Various Artists – Mark Hummel Proudly Presents East Bay Blues Vaults 1976-1988 | Album Review

Various Artists – Mark Hummel Proudly Presents East Bay Blues Vaults 1976-1988

Electro-Fi Records – 2021

22 tracks; 1:17:57

Harmonica player and singer Mark Hummel documents the East Bay blues scene via Mark Hummel Proudly Presents East Bay Blues Vaults 1976-1988, a compilation of rare performances and 45s that provides a fun blues-tinted window across time and space.

Hummel came to Berkeley in 1974, right after graduating high school. He was hitchhiking cross-country and stopped when he found a blues environment that he liked. The legendary Bob Corritore, another harmonica player, heard tale of Hummel’s stash of recordings and suggested he release them for everyone to hear. Hummel doesn’t appear on every track, but he’s on many, giving you an appreciation for his personal harmonica style, which isn’t flashy, but which propels all of the songs. The collection also serves as an introduction to lesser-known blues artists from the Berkeley scene.

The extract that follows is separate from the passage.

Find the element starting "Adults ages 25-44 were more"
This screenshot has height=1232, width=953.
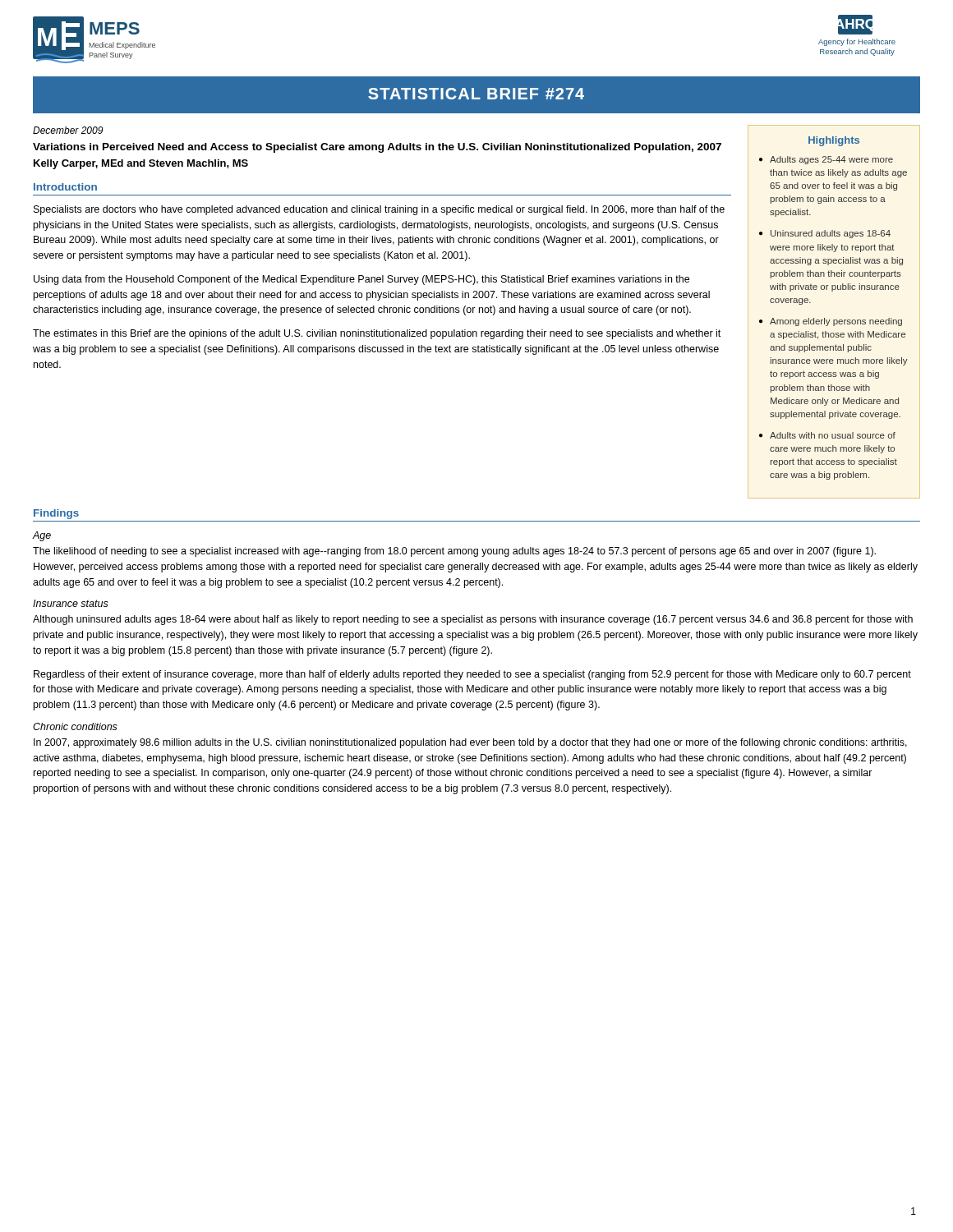839,186

For instance, “Look Out for Sonny Rhodes,” showcases the titular singer’s strong voice, which practically distorts on its own. The track, recorded in 1977, sounds even older, his band, sans Hummel, laying down an easy blues groove that leaves plenty of respectful space for Rhodes vocals and guitar. Rhodes appears again on “It Won’t Rain in California,” a wonderful—and unknown—horn section giving the tune an uptown lilt, while still keeping things down home.

Mississippi Johnny Waters is another revelation. Born Johnny Sandifer, he changed his surname to honor a certain blues artist. Waters and Hummel formed a band called the Blues Survivors, which played out four or five days a week for half a decade. Waters voice bares a sonic resemblance to his Muddy namesake, as does the band’s sound, which is old school Chicago blues. Hummel’s harmonica shines on “I Can’t Hang,” purring through the song, but also hitting some high notes for contrast.

The Ron Thompson Trio is also a fun discovery. “I’m Shakin'” has a jolly rhythm-and-blues bounce with a hint of 1980s funk, foreshadowing from a track recorded in 1978. Paris Slim’s “Stranded” is a leisurely uptown blues with Nancy Wright providing backing sax that sounds like an entire horn section.

These are solid songs from interesting artists. And not just that, but artists who aren’t household names. But the real fun of this collection is flipping between the tracks and notes, learning who is (and was) who. Hummel provides lovely liner notes which are part East Bay blues history and part personal essay. In fact, they’re so good, I’d strongly encourage anyone interested in the album to make sure they get a physical copy. If you missed out on this scene, or want to relive it, Hummel has you covered.